Well done that man !
Trouble is, the flytipper may just have driven a bit further down then road and repeated the dumping.

This is what happens when penny-pinching councils stop the free service to pick up large items and the official tip / skip sites spend more time shut than open, not to mention the petty rules about what you can dump there !
 
Well done that man !
Trouble is, the flytipper may just have driven a bit further down then road and repeated the dumping.

This is what happens when penny-pinching councils stop the free service to pick up large items and the official tip / skip sites spend more time shut than open, not to mention the petty rules about what you can dump there !
None of that is any excuse to fly tip, especially in beautiful countryside. Anyone who does that needs banishing to the acid mines
 
We walked on the Paddington arm of the Grand Union Canal yesterday and it was 13 miles of absolutely disgusting levels of littering.

Mostly empty cans, drinks bottles and fast food packaging but also clothing, tins of paint and even a bloody kitchen sink. I've never seen anything quite like it. The whole length of the canal.
 
This is what happens when penny-pinching councils stop the free service to pick up large items
The man is driving an expensive car.
Round my way it's a whole £15 for 3 items and my only gripe as someone who can't drive stuff to the tip is that some quite small things would count as one item.
 
The man is driving an expensive car.
Round my way it's a whole £15 for 3 items and my only gripe as someone who can't drive stuff to the tip is that some quite small things would count as one item.
I paid more than that for three items to be taken away last year. Two of them were taken from the front garden before the rubbish lorry ever turned up :facepalm: (I don't know how they knew that the mouldy freezer still worked and the clean but clapped out fridge didn't but they took the right one).
 
Two of them were taken from the front garden before the rubbish lorry ever turned up :facepalm:
That works for me too - annoyingly they consistently chop the compressor out of fridges and leave the steel shell with inconvenient insulation stuck to it.
 
I paid more than that for three items to be taken away last year. Two of them were taken from the front garden before the rubbish lorry ever turned up :facepalm: (I don't know how they knew that the mouldy freezer still worked and the clean but clapped out fridge didn't but they took the right one).

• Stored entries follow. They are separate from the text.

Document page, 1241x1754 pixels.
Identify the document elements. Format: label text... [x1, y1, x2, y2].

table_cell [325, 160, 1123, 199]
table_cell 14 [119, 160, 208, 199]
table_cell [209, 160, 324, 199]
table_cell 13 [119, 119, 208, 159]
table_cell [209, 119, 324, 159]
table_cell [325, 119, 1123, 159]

Luck probably. We had the same once - I got an angry text from the council saying they came to collect but nothing was there. We had put it out, just turns out passers by were keen on a divan bed with the screws missing and parts of an old computer.

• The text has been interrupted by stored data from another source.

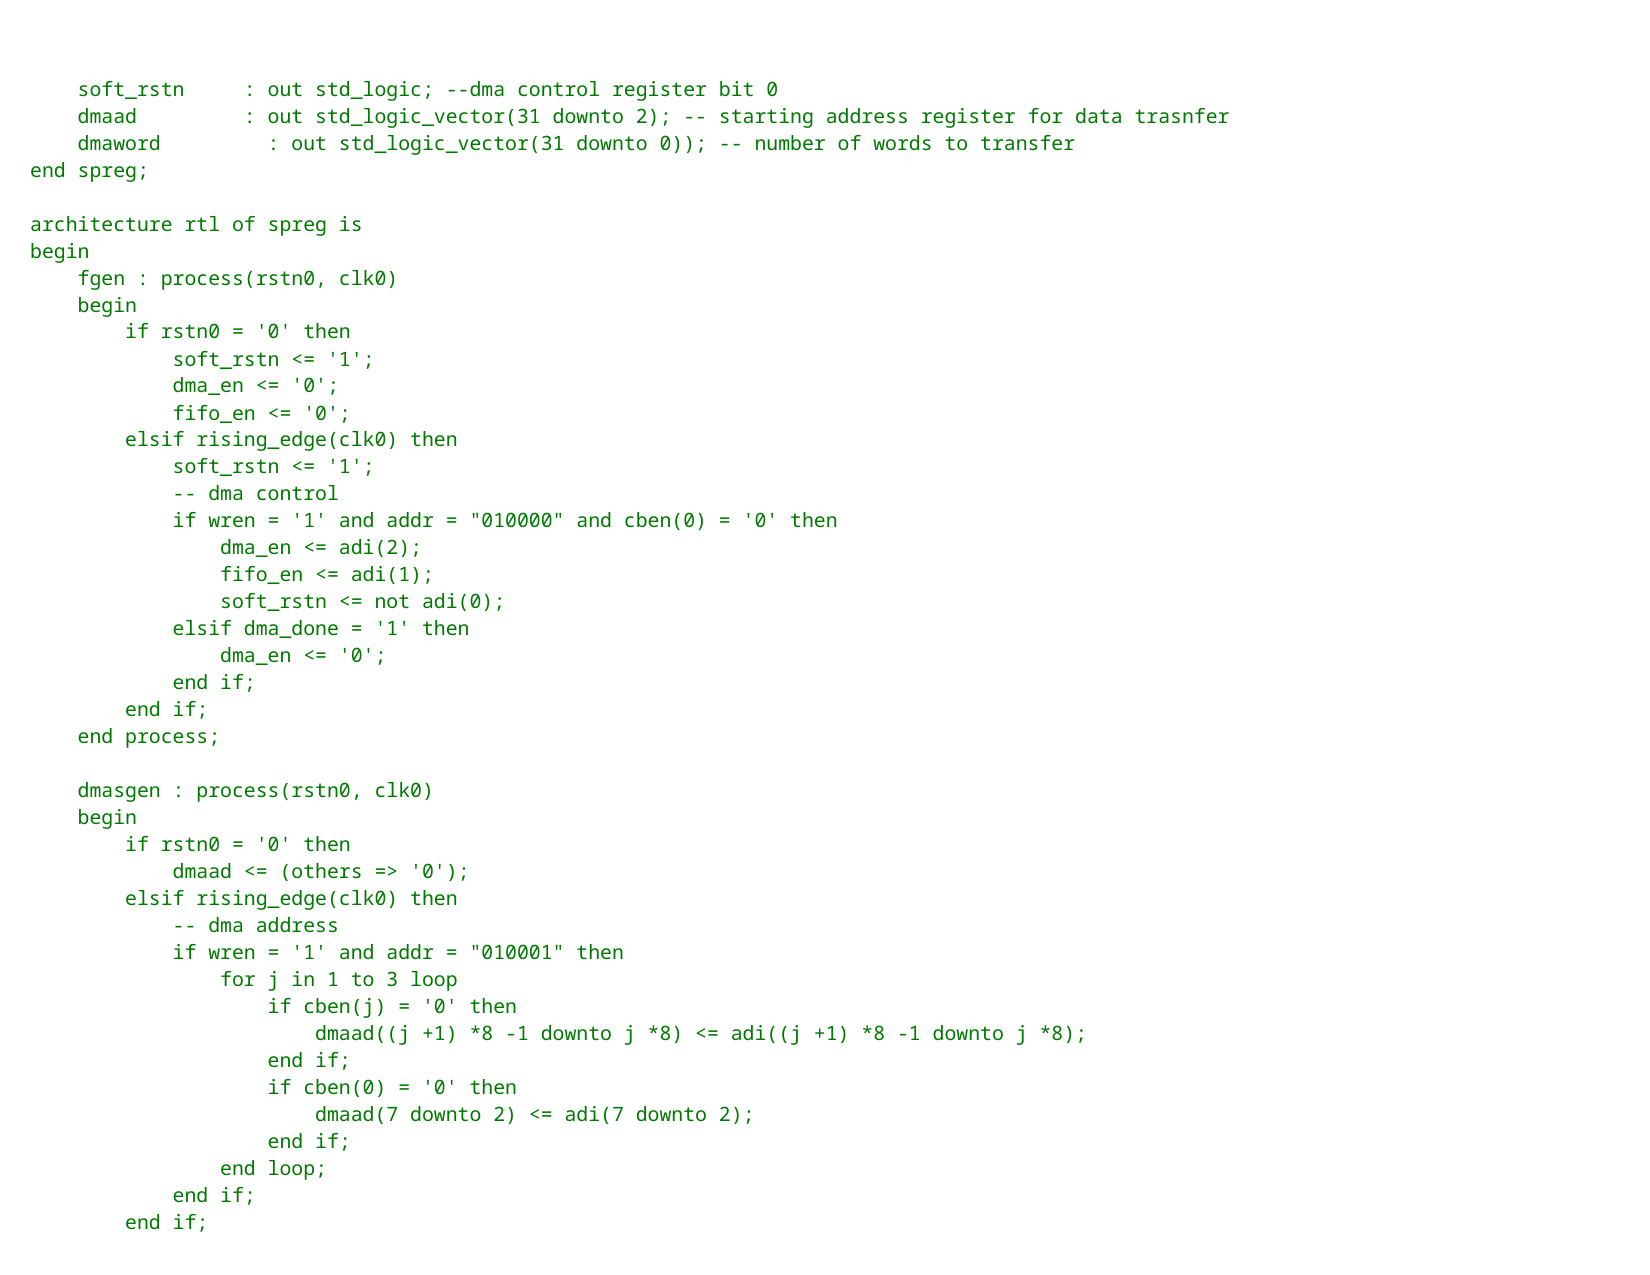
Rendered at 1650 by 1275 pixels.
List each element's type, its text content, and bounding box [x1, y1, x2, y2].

text fifo_en <= '0'; [30, 399, 1620, 426]
text end spreg; [30, 156, 1620, 183]
text begin [30, 291, 1620, 318]
text elsif rising_edge(clk0) then [30, 884, 1620, 911]
text dmaad <= (others => '0'); [30, 857, 1620, 884]
text elsif rising_edge(clk0) then [30, 426, 1620, 453]
text end process; [30, 722, 1620, 749]
text dmaad : out std_logic_vector(31 downto 2); -- starting address register for data trasnfer [30, 102, 1620, 129]
text dmasgen : process(rstn0, clk0) [30, 776, 1620, 803]
text begin [30, 803, 1620, 830]
text for j in 1 to 3 loop [30, 965, 1620, 992]
text soft_rstn <= '1'; [30, 453, 1620, 480]
text architecture rtl of spreg is [30, 210, 1620, 237]
text if wren = '1' and addr = "010000" and cben(0) = '0' then [30, 507, 1620, 534]
text end if; [30, 1127, 1620, 1154]
text -- dma address [30, 911, 1620, 938]
text end if; [30, 668, 1620, 696]
text if rstn0 = '0' then [30, 318, 1620, 345]
text fifo_en <= adi(1); [30, 561, 1620, 588]
text end if; [30, 1046, 1620, 1073]
text elsif dma_done = '1' then [30, 614, 1620, 642]
text end loop; [30, 1154, 1620, 1181]
text end if; [30, 1208, 1620, 1235]
text dmaad((j +1) *8 -1 downto j *8) <= adi((j +1) *8 -1 downto j *8); [30, 1019, 1620, 1046]
text -- dma control [30, 480, 1620, 507]
text dmaword : out std_logic_vector(31 downto 0)); -- number of words to transfer [30, 129, 1620, 156]
text soft_rstn <= '1'; [30, 345, 1620, 372]
text end if; [30, 1181, 1620, 1208]
text dmaad(7 downto 2) <= adi(7 downto 2); [30, 1100, 1620, 1127]
text dma_en <= '0'; [30, 642, 1620, 668]
text if wren = '1' and addr = "010001" then [30, 938, 1620, 965]
text dma_en <= adi(2); [30, 534, 1620, 561]
text fgen : process(rstn0, clk0) [30, 264, 1620, 291]
text if rstn0 = '0' then [30, 830, 1620, 857]
text if cben(0) = '0' then [30, 1073, 1620, 1100]
text if cben(j) = '0' then [30, 992, 1620, 1019]
text end if; [30, 696, 1620, 722]
text soft_rstn <= not adi(0); [30, 588, 1620, 614]
text begin [30, 237, 1620, 264]
text soft_rstn : out std_logic; --dma control register bit 0 [30, 75, 1620, 102]
text dma_en <= '0'; [30, 372, 1620, 399]

I find the cost a joke though; 23 quid for six items (although they do count three bin bags as one item which is great). We have some awful problems with rubbish in some parts and it doesn’t surprise me it’s in the areas struggling most financially. Nearly 25quid is a huge amount of money.
 
It’s £42.50 for bulky items uplift here. That’s too much, and almost certainly results in flytipping.

They won’t take car tyres though. In fact nobody will. We had some old tyres as planters, which seemed at good idea at the time, but when we decided to get rid of them nobody would take them. I took them to the tip, but was turned away. The guy even hinted I should fly tip them. “Then the council are required to pick them up”. I didn’t. I tried to get a scrap yard to take them, but he wanted me to pay him £12 per tyre. Garages wanted me to pay them too. I eventually found a garage where a guy let me put them in a consignment that was being taken away that day, but only because the boss was away on his lunch.

I drove around for ages asking various places before I found this guy.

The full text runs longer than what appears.